With David back at her table, her other friends returned; Brian, Midge, and even Aubrey who'd suffered from the stew. Robby Guide stayed away. Barbara Pennon limited her royal visits to a smaller handful of tables, spending most of her time with Russell and his friends, leaving David and Eleanor alone.

As far as the stew incident went, David was an adamant champion of the truth and told everyone how Eleanor had tried to warn people about the bad food. Since Miss Church had been fired, his story was accepted. Even so, there were some who were still mad at Eleanor. They felt that she should have done more to warn them and not just saved her selected favorites from the horror they'd endured. It added to the lexicon of stories and bad rumors about Eleanor Anders.

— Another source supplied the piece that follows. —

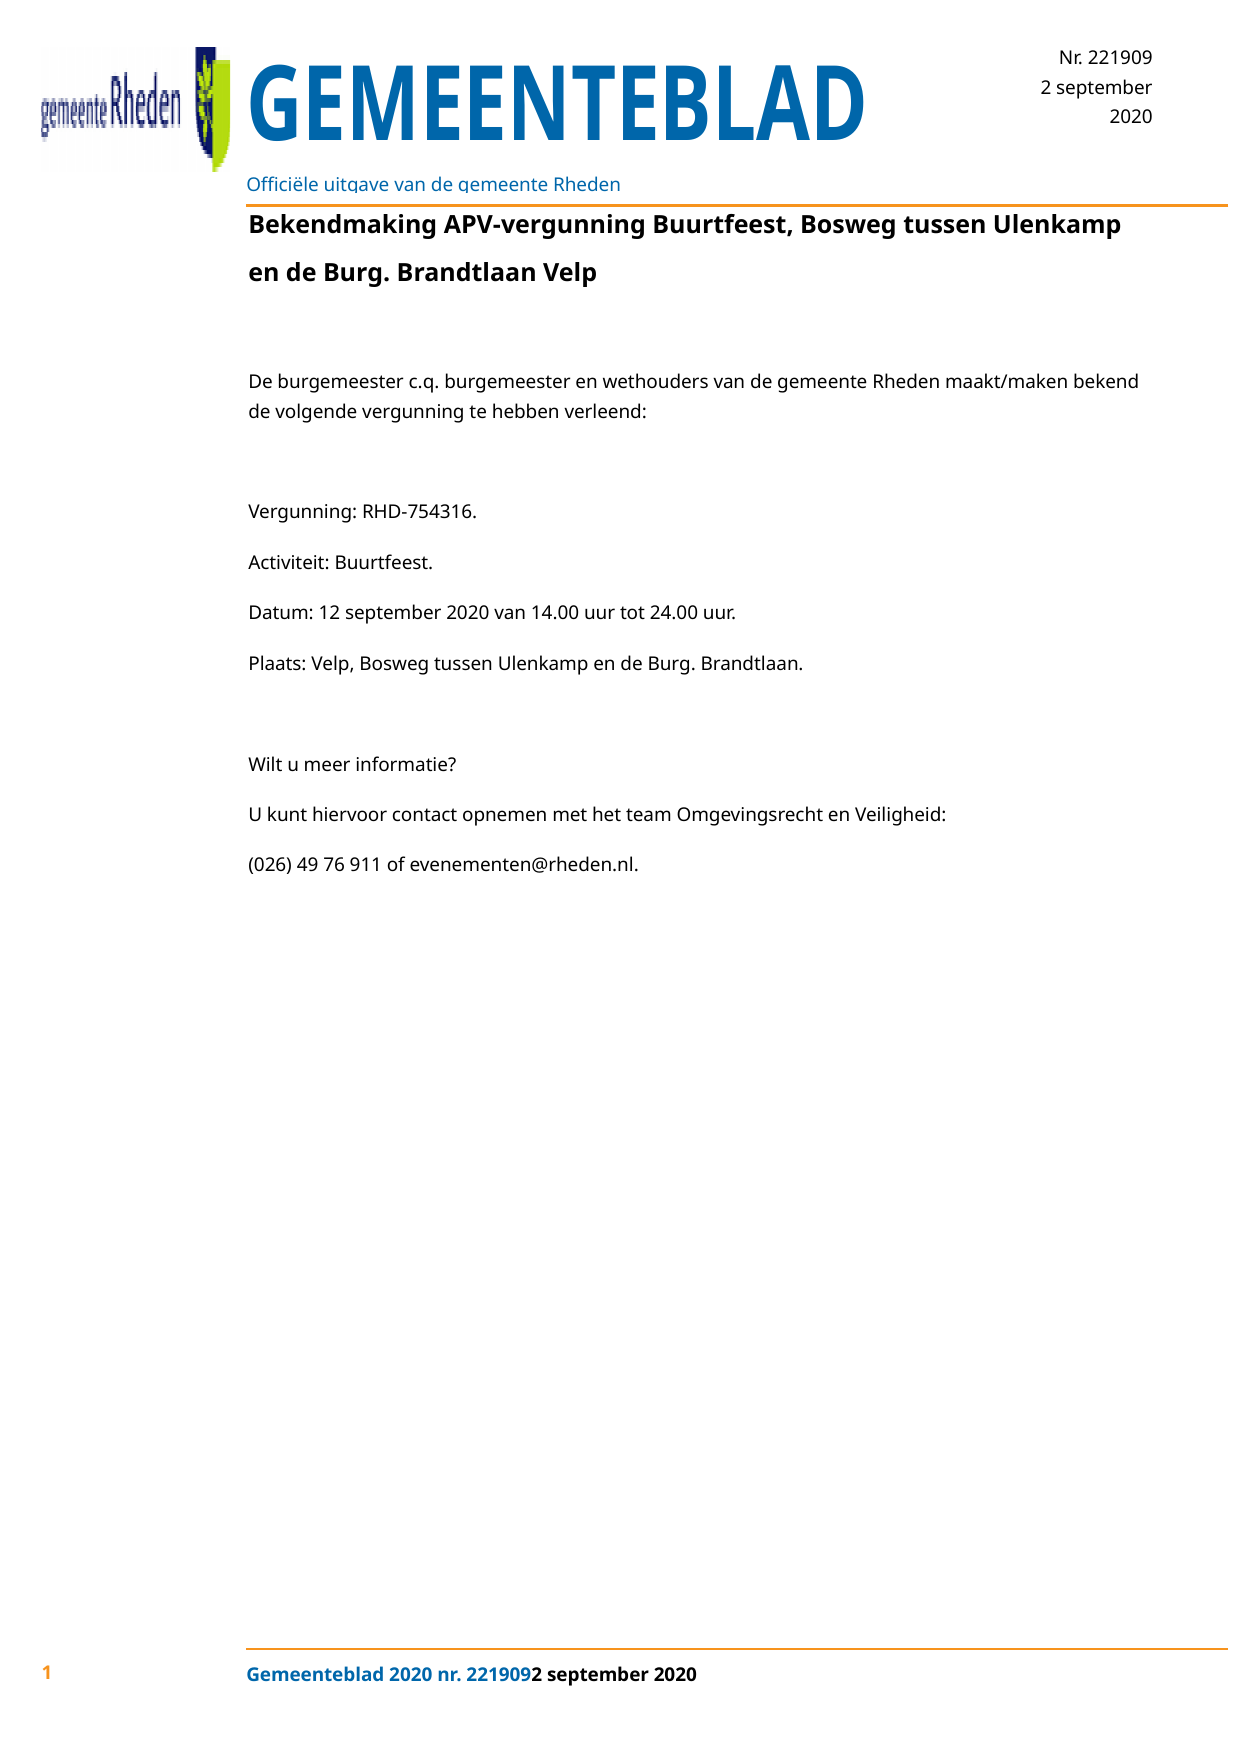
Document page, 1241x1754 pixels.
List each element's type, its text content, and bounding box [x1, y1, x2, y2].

One afternoon in gym after the other girls had dressed quickly and sped off to class, Eleanor found herself alone with Midge. Midge cleared her throat, once, then twice to get Eleanor's attention.

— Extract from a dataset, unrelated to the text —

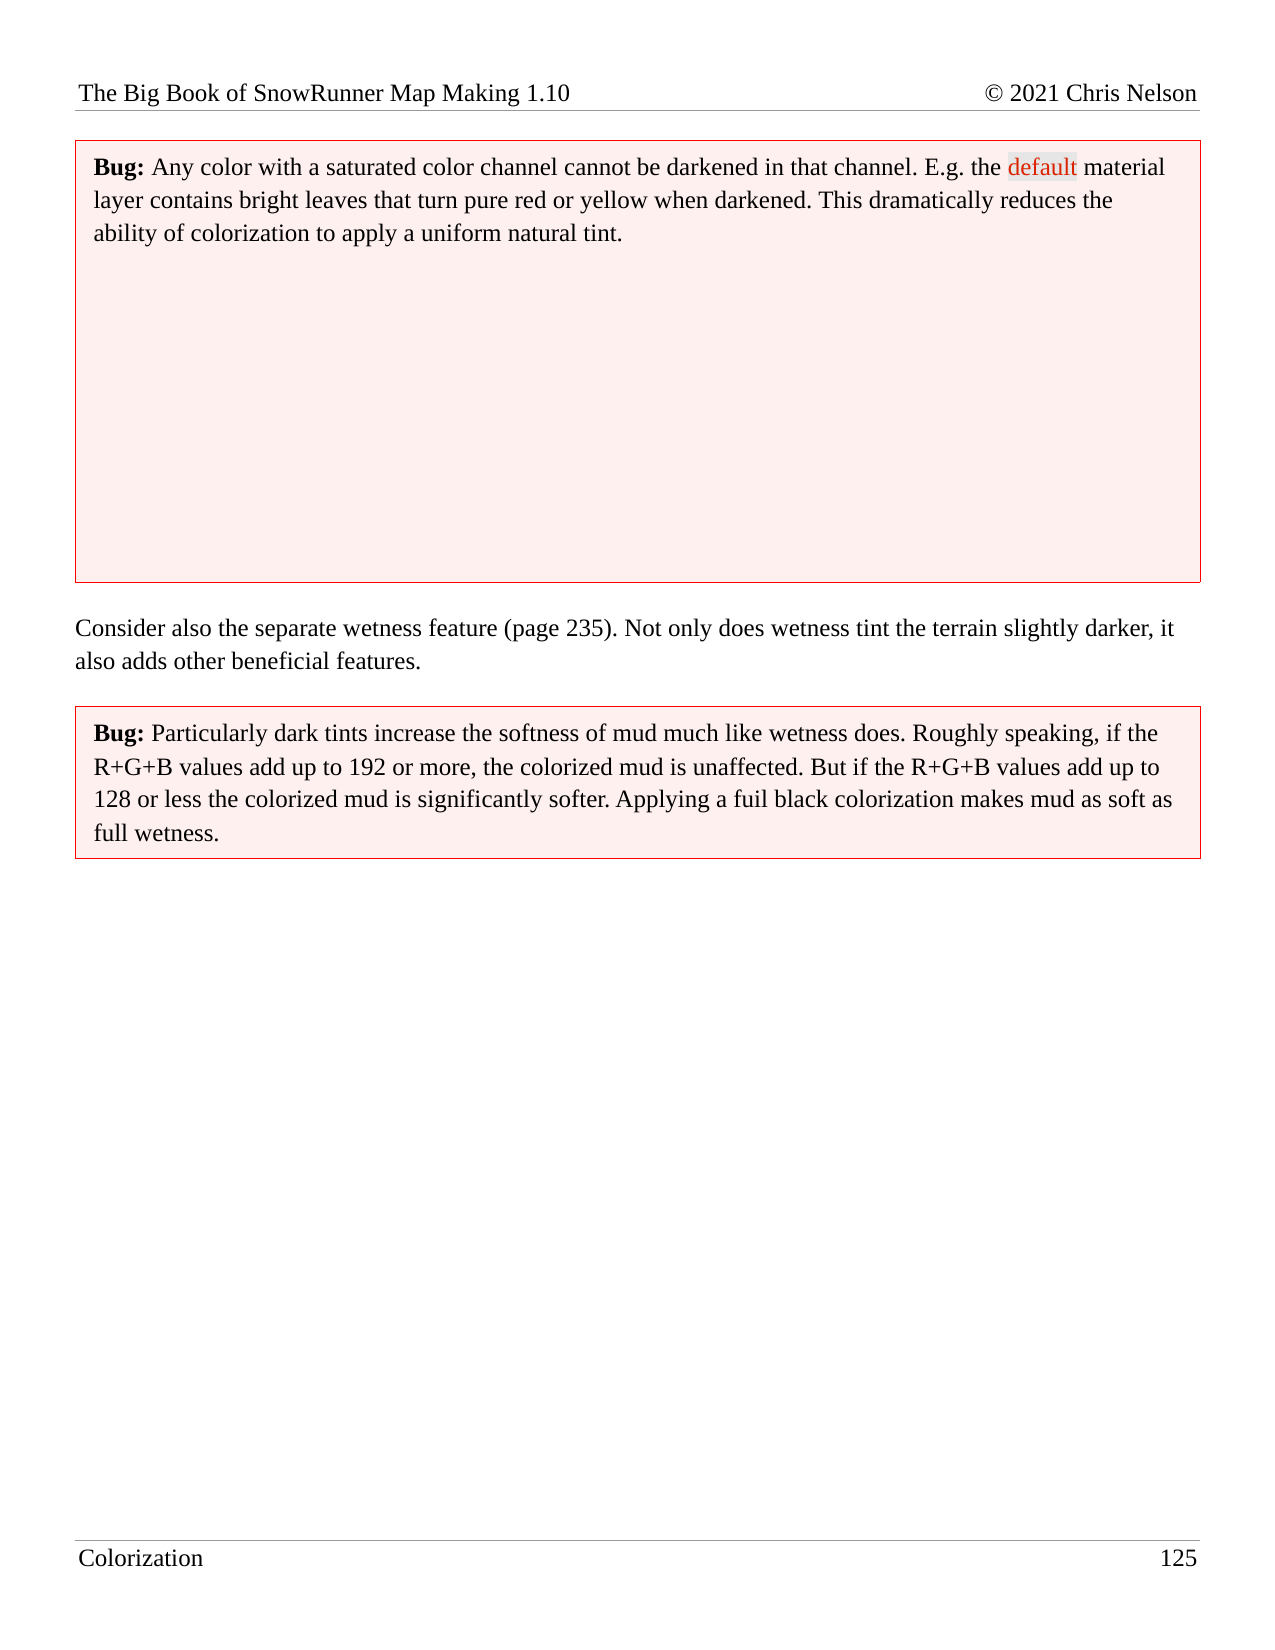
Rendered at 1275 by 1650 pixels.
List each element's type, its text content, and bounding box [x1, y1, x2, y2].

list Particularly dark tints increase the softness of mud much like wetness does. Roughly speaking, if the R+G+B values add up to 192 or more, the colorized mud is unaffected. But if the R+G+B values add up to 128 or less the colorized mud is significantly softer. Applying a fuil black colorization makes mud as soft as full wetness. [76, 707, 1200, 858]
text Consider also the separate wetness feature (page 235). Not only does wetness tint the terrain slightly darker, it also adds other beneficial features. [75, 613, 1200, 675]
list Any color with a saturated color channel cannot be darkened in that channel. E.g. the default material layer contains bright leaves that turn pure red or yellow when darkened. This dramatically reduces the ability of colorization to apply a uniform natural tint. [76, 141, 1200, 247]

“Hey, Eleanor, um,” she said. “There's this rumor going around that, ah, that ah, that you're a witch.”

Eleanor sighed into her locker.

“I don't care about that,” Midge said quickly. “I think it's cool. Really, I do. Henry says it's not, but I do. I think it's cool.”

“Henry?”

“You met him. He took me to the dance.”

Eleanor remembered the full-blood Shoshone, remembered Robby's weird warning, and remembered how he'd watched her dance. In remembering it now, it occurred to Eleanor that he'd been extraordinarily rude to Midge, practically ignoring his date while studying Eleanor.

“What did Henry say?”

“He's a little backwards,” Midge said. “He believes all kinds of stuff.”

“About witches?”

“Yeah, that's maybe how you can help me,” Midge said.

“What? How?”

“Can you cast a love spell on him for me?” she said. “He's hardly talked to me since the dance, and then he only talks about you. You have David, and that's so cool. You don't need two boys. Could you help me? Could you make him love me? Or at least forget you?”